Let `A_(1), A_(2), A_(3), A_(4)` be the areas of the triangular faces of a tetrahedron, and `h_(1), h_(2), h_(3), h_(4)` be the corresponding altitudes of the tetrahedron. If the volume of tetrahedron is `1//6` cubic units, then find the minimum value of ` (A_(1) +A_(2) + A_(3) + A_(4))(h_(1)+ h_(2)+h_(3)+h_(4))` (in cubic units).

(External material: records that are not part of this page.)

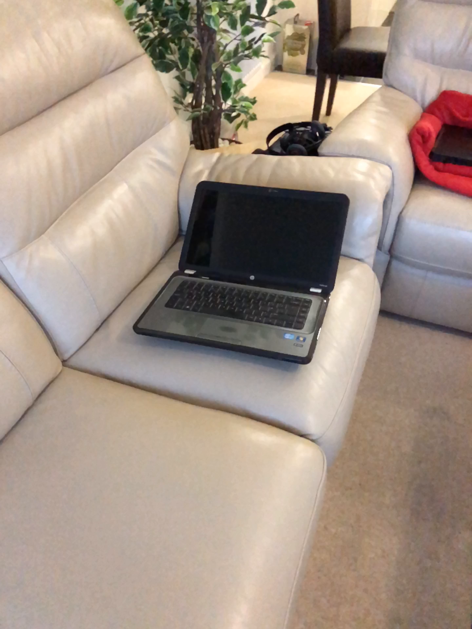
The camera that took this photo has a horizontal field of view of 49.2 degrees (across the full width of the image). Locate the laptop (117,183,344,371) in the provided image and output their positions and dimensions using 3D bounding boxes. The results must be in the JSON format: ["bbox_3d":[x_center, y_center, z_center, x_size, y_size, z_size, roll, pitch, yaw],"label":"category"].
[{"bbox_3d":[0.013,-0.107,1.096,0.358,0.114,0.426,11,43,13],"label":"laptop"}]
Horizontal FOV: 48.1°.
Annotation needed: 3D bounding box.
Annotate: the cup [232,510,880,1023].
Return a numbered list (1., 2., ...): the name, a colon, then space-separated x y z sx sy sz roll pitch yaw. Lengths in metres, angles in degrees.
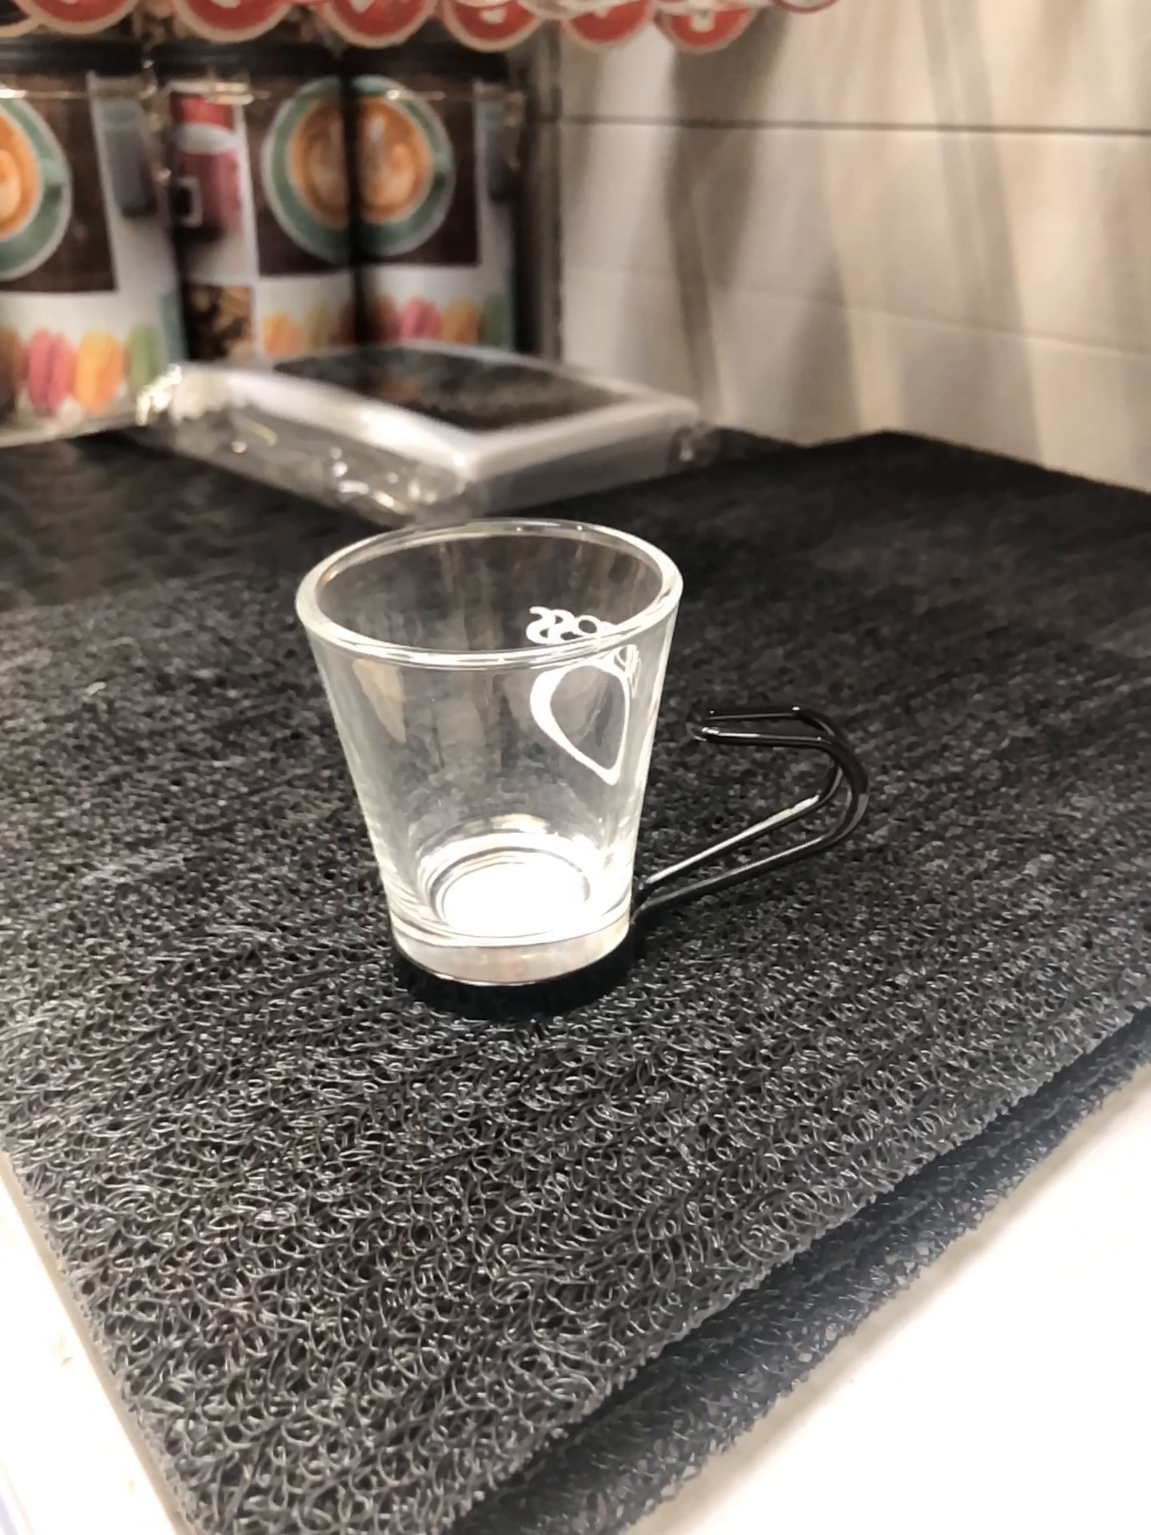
1. cup: -0.001 -0.005 0.218 0.087 0.059 0.073 1 25 3
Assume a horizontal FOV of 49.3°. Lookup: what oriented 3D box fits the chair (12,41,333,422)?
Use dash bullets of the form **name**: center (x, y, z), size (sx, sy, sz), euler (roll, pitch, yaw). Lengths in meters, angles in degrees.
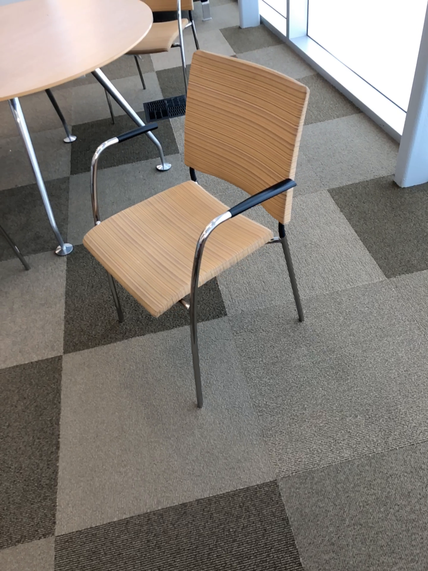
- **chair**: center (-0.066, -0.148, 1.349), size (0.547, 0.796, 0.516), euler (-33, 49, -22)
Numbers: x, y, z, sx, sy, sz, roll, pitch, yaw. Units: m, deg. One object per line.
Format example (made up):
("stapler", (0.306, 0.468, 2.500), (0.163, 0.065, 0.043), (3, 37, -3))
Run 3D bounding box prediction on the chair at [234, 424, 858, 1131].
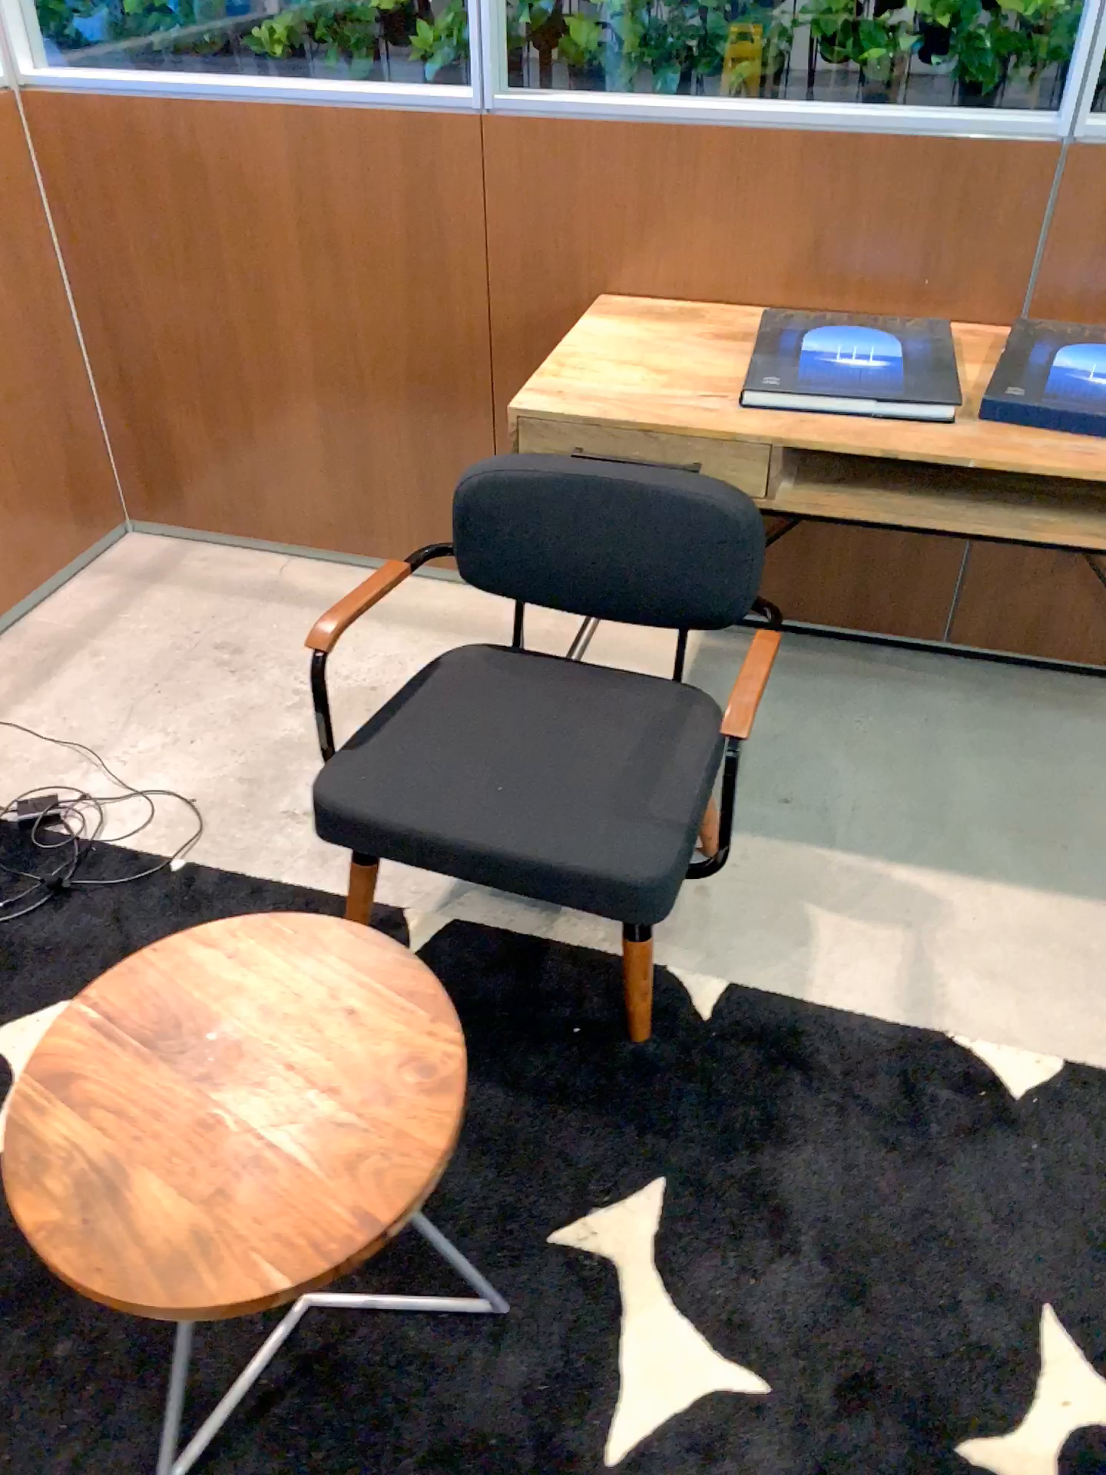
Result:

To find the minimum value of \( (A_1 + A_2 + A_3 + A_4)(h_1 + h_2 + h_3 + h_4) \) for a tetrahedron with a given volume, we can follow these steps: ### Step 1: Understand the volume formula The volume \( V \) of a tetrahedron can be expressed in terms of the area of its triangular faces and their corresponding altitudes. The formula for the volume related to one face is: \[ V = \frac{1}{3} A_i h_i \] for each face \( i \). ### Step 2: Express altitudes in terms of volume and areas Given that the volume \( V = \frac{1}{6} \) cubic units, we can express each altitude as: \[ h_1 = \frac{3V}{A_1}, \quad h_2 = \frac{3V}{A_2}, \quad h_3 = \frac{3V}{A_3}, \quad h_4 = \frac{3V}{A_4} \] ### Step 3: Substitute altitudes into the expression Now, we substitute these expressions for \( h_i \) into the expression we want to minimize: \[ (A_1 + A_2 + A_3 + A_4)(h_1 + h_2 + h_3 + h_4) = (A_1 + A_2 + A_3 + A_4) \left( \frac{3V}{A_1} + \frac{3V}{A_2} + \frac{3V}{A_3} + \frac{3V}{A_4} \right) \] ### Step 4: Factor out constants Factoring out the constant \( 3V \): \[ = 3V (A_1 + A_2 + A_3 + A_4) \left( \frac{1}{A_1} + \frac{1}{A_2} + \frac{1}{A_3} + \frac{1}{A_4} \right) \] ### Step 5: Apply the AM-HM inequality Using the Arithmetic Mean - Harmonic Mean (AM-HM) inequality, we know: \[ \frac{A_1 + A_2 + A_3 + A_4}{4} \geq \frac{4}{\frac{1}{A_1} + \frac{1}{A_2} + \frac{1}{A_3} + \frac{1}{A_4}} \] Rearranging gives: \[ (A_1 + A_2 + A_3 + A_4) \left( \frac{1}{A_1} + \frac{1}{A_2} + \frac{1}{A_3} + \frac{1}{A_4} \right) \geq 16 \] ### Step 6: Substitute the volume Substituting \( V = \frac{1}{6} \): \[ 3V \cdot 16 = 3 \cdot \frac{1}{6} \cdot 16 = 8 \] ### Conclusion Thus, the minimum value of \( (A_1 + A_2 + A_3 + A_4)(h_1 + h_2 + h_3 + h_4) \) is: \[ \boxed{8} \]